= Thea Westreich Wagner =

American art patron and collector

Thea Westreich Wagner (born 1942) is a New York–based American art patron and collector. In 2015, Thea Westreich Wagner and her husband Ethan Wagner donated their extensive collection of modern and contemporary art to the Whitney Museum of American Art in New York and the Centre Pompidou in Paris.

== Life ==
===Washington, D.C.===
Thea Westreich Wagner lived in the Washington, D.C., metropolitan area from 1964 to 1987. Influenced by the art museums and galleries of the city including the Freer Gallery, the National Gallery of Art, the Smithsonian Museum for American Art, and the Phillips Collection; Wagner audited classes in art history. Additionally, Wagner found early inspiration and influence in D.C. art dealer Ramon Osuna, who personally introduced Wagner to artists, an experience Wagner found "stimulating."

Wagner worked as a docent at the National Museum of American Art, further immersing herself in the D.C. art world. During this time, she also got to know Walter Hopps, the director of the Washington D.C.–based Corcoran Gallery of Art. Hopps encouraged Wagner to look at art with an open mind.

Wagner received additional first hand art exposure when she and her first husband commissioned Alice Neel to paint a family portrait of their family and Philip Pearlstein to paint a portrait of her and her husband. The portrait sittings required spending time in each artists’ studios. Wagner found the firsthand experience in the studios inspiring. She especially enjoyed getting to see how the artists went about their practices. In the early 70s, alongside the founding of the John F. Kennedy Center for the Performing Arts, Wagner was very involved in the performing arts, actively working with the American Ballet Theatre and the Kennedy Center.
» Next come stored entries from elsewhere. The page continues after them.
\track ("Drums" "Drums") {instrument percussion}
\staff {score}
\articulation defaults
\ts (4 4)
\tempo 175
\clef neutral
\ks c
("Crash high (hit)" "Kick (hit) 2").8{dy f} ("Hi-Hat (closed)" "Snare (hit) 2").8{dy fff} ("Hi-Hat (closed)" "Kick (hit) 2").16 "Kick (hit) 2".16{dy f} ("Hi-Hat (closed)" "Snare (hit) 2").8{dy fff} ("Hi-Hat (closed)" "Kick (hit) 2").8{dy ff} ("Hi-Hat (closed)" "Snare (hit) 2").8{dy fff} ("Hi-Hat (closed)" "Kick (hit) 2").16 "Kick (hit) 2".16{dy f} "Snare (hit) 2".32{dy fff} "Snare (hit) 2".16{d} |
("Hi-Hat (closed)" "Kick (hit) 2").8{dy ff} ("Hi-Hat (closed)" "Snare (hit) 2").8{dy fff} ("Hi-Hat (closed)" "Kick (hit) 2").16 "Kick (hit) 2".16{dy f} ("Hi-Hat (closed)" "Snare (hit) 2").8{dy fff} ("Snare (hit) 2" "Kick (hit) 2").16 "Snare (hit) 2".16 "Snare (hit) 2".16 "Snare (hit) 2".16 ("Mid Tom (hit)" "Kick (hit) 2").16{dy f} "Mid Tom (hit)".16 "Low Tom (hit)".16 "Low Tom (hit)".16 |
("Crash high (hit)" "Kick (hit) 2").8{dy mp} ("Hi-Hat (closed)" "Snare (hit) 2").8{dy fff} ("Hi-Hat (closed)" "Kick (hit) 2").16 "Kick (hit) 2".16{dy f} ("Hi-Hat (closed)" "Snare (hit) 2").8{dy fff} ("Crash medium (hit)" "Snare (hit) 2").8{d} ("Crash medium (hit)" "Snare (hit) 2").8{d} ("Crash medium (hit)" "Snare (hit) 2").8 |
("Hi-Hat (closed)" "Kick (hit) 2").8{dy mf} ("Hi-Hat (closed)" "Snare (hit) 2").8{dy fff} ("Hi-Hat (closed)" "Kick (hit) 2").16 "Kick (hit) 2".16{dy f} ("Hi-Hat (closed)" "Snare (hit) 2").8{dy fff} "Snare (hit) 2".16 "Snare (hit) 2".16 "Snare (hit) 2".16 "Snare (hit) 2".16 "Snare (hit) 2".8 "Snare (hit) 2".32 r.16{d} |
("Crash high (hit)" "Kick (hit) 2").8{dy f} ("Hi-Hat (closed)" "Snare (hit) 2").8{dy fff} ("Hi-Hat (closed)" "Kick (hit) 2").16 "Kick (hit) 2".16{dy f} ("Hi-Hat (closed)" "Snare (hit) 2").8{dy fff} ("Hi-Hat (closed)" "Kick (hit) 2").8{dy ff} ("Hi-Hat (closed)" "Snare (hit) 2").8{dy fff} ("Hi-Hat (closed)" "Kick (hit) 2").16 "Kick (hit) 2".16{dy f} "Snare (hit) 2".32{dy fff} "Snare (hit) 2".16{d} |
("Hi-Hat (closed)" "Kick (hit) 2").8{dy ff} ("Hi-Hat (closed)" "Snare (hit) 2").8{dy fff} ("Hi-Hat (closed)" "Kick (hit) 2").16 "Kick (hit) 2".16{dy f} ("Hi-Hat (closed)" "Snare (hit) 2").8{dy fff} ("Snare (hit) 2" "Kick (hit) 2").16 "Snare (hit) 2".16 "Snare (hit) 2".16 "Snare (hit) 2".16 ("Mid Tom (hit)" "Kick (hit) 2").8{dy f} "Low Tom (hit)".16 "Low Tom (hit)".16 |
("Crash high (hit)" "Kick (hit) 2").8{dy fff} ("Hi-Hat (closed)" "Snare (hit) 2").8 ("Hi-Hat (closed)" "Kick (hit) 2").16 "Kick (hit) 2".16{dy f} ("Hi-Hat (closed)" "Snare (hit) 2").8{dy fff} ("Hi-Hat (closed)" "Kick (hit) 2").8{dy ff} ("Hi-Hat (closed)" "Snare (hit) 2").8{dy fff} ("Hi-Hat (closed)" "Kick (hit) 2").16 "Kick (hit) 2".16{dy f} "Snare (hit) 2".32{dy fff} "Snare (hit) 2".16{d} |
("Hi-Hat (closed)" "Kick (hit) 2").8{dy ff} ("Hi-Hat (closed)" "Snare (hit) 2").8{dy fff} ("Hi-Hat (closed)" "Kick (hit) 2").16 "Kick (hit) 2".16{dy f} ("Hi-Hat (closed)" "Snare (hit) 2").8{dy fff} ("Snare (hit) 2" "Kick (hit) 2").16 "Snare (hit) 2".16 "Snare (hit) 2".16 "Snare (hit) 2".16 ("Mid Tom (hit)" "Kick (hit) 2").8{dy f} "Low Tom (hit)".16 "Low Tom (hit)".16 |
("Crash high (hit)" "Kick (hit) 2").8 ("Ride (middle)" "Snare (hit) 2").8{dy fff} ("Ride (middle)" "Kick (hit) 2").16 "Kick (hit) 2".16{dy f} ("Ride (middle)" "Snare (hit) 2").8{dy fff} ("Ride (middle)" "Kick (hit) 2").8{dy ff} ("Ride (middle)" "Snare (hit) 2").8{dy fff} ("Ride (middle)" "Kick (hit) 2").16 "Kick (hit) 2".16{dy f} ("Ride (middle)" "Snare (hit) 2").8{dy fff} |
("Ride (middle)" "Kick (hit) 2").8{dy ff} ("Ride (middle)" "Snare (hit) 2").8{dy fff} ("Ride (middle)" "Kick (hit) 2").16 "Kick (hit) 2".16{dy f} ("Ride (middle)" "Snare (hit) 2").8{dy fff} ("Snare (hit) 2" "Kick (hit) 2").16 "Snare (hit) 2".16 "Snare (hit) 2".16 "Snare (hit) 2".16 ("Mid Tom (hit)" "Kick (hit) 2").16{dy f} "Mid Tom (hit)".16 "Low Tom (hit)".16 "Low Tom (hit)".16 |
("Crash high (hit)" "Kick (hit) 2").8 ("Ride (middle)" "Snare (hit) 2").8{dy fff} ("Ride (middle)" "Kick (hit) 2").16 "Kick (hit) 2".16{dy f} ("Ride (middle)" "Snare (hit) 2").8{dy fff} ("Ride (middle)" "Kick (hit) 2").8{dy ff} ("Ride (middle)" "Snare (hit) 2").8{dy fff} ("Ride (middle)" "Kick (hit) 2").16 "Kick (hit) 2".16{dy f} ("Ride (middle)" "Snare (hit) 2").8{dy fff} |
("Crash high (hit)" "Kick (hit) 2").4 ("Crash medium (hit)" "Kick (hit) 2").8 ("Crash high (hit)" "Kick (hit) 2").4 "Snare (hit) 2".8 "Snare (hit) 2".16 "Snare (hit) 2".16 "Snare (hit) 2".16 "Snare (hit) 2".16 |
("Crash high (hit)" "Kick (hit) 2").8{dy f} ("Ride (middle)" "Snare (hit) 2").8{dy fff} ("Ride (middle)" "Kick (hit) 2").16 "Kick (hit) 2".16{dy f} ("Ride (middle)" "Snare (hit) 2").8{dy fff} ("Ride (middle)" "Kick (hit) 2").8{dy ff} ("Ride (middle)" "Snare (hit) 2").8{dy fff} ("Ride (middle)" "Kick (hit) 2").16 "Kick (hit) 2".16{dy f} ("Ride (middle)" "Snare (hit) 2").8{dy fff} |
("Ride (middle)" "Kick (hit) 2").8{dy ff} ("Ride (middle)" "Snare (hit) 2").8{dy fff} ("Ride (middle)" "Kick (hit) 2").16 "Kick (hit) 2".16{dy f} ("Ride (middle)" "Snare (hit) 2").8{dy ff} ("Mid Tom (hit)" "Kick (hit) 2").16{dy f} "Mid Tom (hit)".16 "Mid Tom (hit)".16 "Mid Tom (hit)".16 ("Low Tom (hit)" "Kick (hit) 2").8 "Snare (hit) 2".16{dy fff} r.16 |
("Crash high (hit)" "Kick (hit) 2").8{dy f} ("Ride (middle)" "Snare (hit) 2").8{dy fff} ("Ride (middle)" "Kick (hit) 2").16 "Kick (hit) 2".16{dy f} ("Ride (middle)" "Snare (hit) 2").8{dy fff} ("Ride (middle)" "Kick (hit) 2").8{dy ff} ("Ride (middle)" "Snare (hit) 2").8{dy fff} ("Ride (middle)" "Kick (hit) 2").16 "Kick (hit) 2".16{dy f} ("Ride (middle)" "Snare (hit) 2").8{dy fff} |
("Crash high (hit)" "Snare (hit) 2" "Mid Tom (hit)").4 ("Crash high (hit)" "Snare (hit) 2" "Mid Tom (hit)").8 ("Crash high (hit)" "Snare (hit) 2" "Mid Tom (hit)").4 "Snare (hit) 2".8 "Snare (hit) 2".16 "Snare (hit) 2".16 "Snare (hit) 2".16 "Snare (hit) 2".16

She befriended many performers, choreographers, and set designers; finding the experience of being at rehearsal "much like being in an artist's studio."
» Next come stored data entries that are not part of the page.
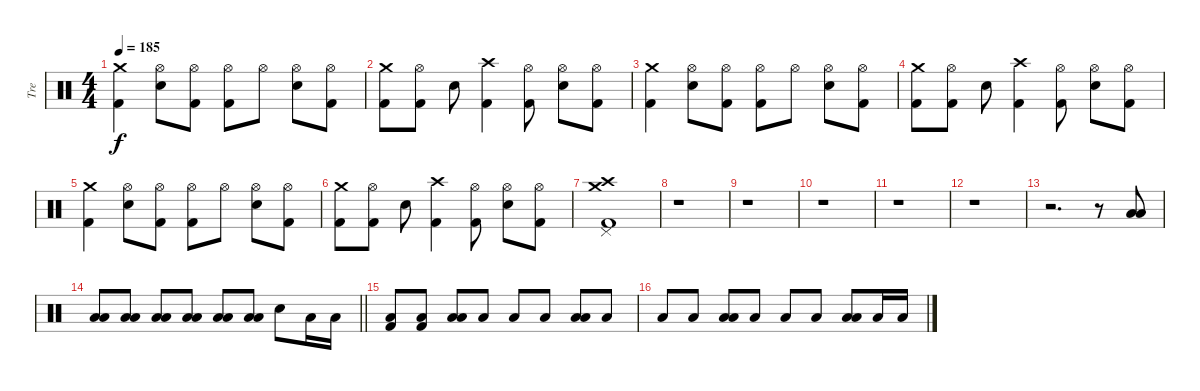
\track ("Tre" "Tre") {instrument percussion}
\staff {score}
\articulation defaults
\ts (4 4)
\tempo 185
\clef neutral
\ks c
("Crash medium (hit)" "Kick (hit) 2").4{dy f} ("Hi-Hat (open)" "Snare (hit) 2").8 ("Hi-Hat (open)" "Kick (hit) 2").8 ("Hi-Hat (open)" "Kick (hit) 2").8 "Hi-Hat (open)".8 ("Hi-Hat (open)" "Snare (hit) 2").8 ("Hi-Hat (open)" "Kick (hit) 2").8 |
("Crash medium (hit)" "Kick (hit) 2").8 ("Hi-Hat (open)" "Kick (hit) 2").8 "Snare (hit) 2".8 ("Crash high (hit)" "Kick (hit) 2").4 ("Hi-Hat (open)" "Kick (hit) 2").8 ("Hi-Hat (open)" "Snare (hit) 2").8 ("Hi-Hat (open)" "Kick (hit) 2").8 |
("Crash medium (hit)" "Kick (hit) 2").4 ("Hi-Hat (open)" "Snare (hit) 2").8 ("Hi-Hat (open)" "Kick (hit) 2").8 ("Hi-Hat (open)" "Kick (hit) 2").8 "Hi-Hat (open)".8 ("Hi-Hat (open)" "Snare (hit) 2").8 ("Hi-Hat (open)" "Kick (hit) 2").8 |
("Crash medium (hit)" "Kick (hit) 2").8 ("Hi-Hat (open)" "Kick (hit) 2").8 "Snare (hit) 2".8 ("Crash high (hit)" "Kick (hit) 2").4 ("Hi-Hat (open)" "Kick (hit) 2").8 ("Hi-Hat (open)" "Snare (hit) 2").8 ("Hi-Hat (open)" "Kick (hit) 2").8 |
("Crash medium (hit)" "Kick (hit) 2").4 ("Hi-Hat (open)" "Snare (hit) 2").8 ("Hi-Hat (open)" "Kick (hit) 2").8 ("Hi-Hat (open)" "Kick (hit) 2").8 "Hi-Hat (open)".8 ("Hi-Hat (open)" "Snare (hit) 2").8 ("Hi-Hat (open)" "Kick (hit) 2").8 |
("Crash medium (hit)" "Kick (hit) 2").8 ("Hi-Hat (open)" "Kick (hit) 2").8 "Snare (hit) 2".8 ("Crash high (hit)" "Kick (hit) 2").4 ("Hi-Hat (open)" "Kick (hit) 2").8 ("Hi-Hat (open)" "Snare (hit) 2").8 ("Hi-Hat (open)" "Kick (hit) 2").8 |
("Crash high (hit)" "Crash medium (hit)" "Pedal Hi-Hat (hit)" "Kick (hit) 2").1 |
r.1 |
r.1 |
r.1 |
r.1 |
r.1 |
r.2{d} r.8 ("Low Floor Tom (hit)" "Low Floor Tom (hit)").8 |
\barLineRight lightlight
("Low Floor Tom (hit)" "Low Floor Tom (hit)").8 ("Low Floor Tom (hit)" "Low Floor Tom (hit)").8 ("Low Floor Tom (hit)" "Low Floor Tom (hit)").8 ("Low Floor Tom (hit)" "Low Floor Tom (hit)").8 ("Low Floor Tom (hit)" "Low Floor Tom (hit)").8 ("Low Floor Tom (hit)" "Low Floor Tom (hit)").8 "Snare (hit) 2".8 "Low Floor Tom (hit)".16 "Low Floor Tom (hit)".16 |
("Low Floor Tom (hit)" "Kick (hit) 2").8 ("Low Floor Tom (hit)" "Kick (hit) 2").8 ("Low Floor Tom (hit)" "Low Floor Tom (hit)").8 "Low Floor Tom (hit)".8 "Low Floor Tom (hit)".8 "Low Floor Tom (hit)".8 ("Low Floor Tom (hit)" "Low Floor Tom (hit)").8 "Low Floor Tom (hit)".8 |
"Low Floor Tom (hit)".8 "Low Floor Tom (hit)".8 ("Low Floor Tom (hit)" "Low Floor Tom (hit)").8 "Low Floor Tom (hit)".8 "Low Floor Tom (hit)".8 "Low Floor Tom (hit)".8 ("Low Floor Tom (hit)" "Low Floor Tom (hit)").8 "Low Floor Tom (hit)".16 "Low Floor Tom (hit)".16

In the 1970s, Wagner worked for Bloomingdale's, heading up the public relations department for a newly opened store in Tysons Corner. The marketing director also shared an interest in emerging New York art; therefore, the two spent a good deal of time going to New York galleries. During this time Wagner befriended Paula Cooper, Ivan Karp, Ileana Sonnabend, Antonio Homem, and Leo Castelli.

After working at Bloomingdale's, Wagner, with the assistance of Livingston Biddle the then head of the NEA, was hired to work assisting emerging visual and performing artists qualify for NEA grants.

Thea Westreich Art Advisory Services opened in 1987.

===New York City===
In 1987, Wagner moved to New York and opened an advisory office in SoHo. At the time, there weren't many art advisory businesses. Originally geared towards the performing arts, Wagner shifted her focus toward fine art when clients started asking her to assist in building their collections.

== Art collection ==
Thea Westreich met Ethan Wagner in the early 1990s. Over three decades, they amassed an 800+ work art collection.

=== The Thea Westreich and Ethan Wagner Collection ===
In 2013, Thea and Ethan decided to donate their extensive collection of modern and contemporary art to the Whitney Museum of American Art in New York and the Centre Pompidou in Paris. In 2015, the Whitney Museum opened a show "Collected by Thea Westreich Wagner and Ethan Wagner" featuring the newly donated collection. After its run in New York, the show travelled to the Pompidou. In response to their donation, the Wagners were awarded the insignia of Officer of the Legion of Honor in 2018. Founded by Napoleon Bonaparte, the Legion of Honor is France’s highest award.

==== Artists in the Thea Westreich and Ethan Wagner Collection ====
Charline von Heyl, Anne Collier, Liz Deschenes, Hito Steyerl, Marc-Camille Chaimowicz, Robert Gober, Bernadette Corporation, Jeff Koons, Sam Lewitt, Sol LeWitt, Cady Noland, Richard Prince, Rirkrit Tiravanija, David Wojnarowicz, Christopher Wool, Robert Adams, Diane Arbus, Lee Friedlander, Eileen Quinlan, and many others.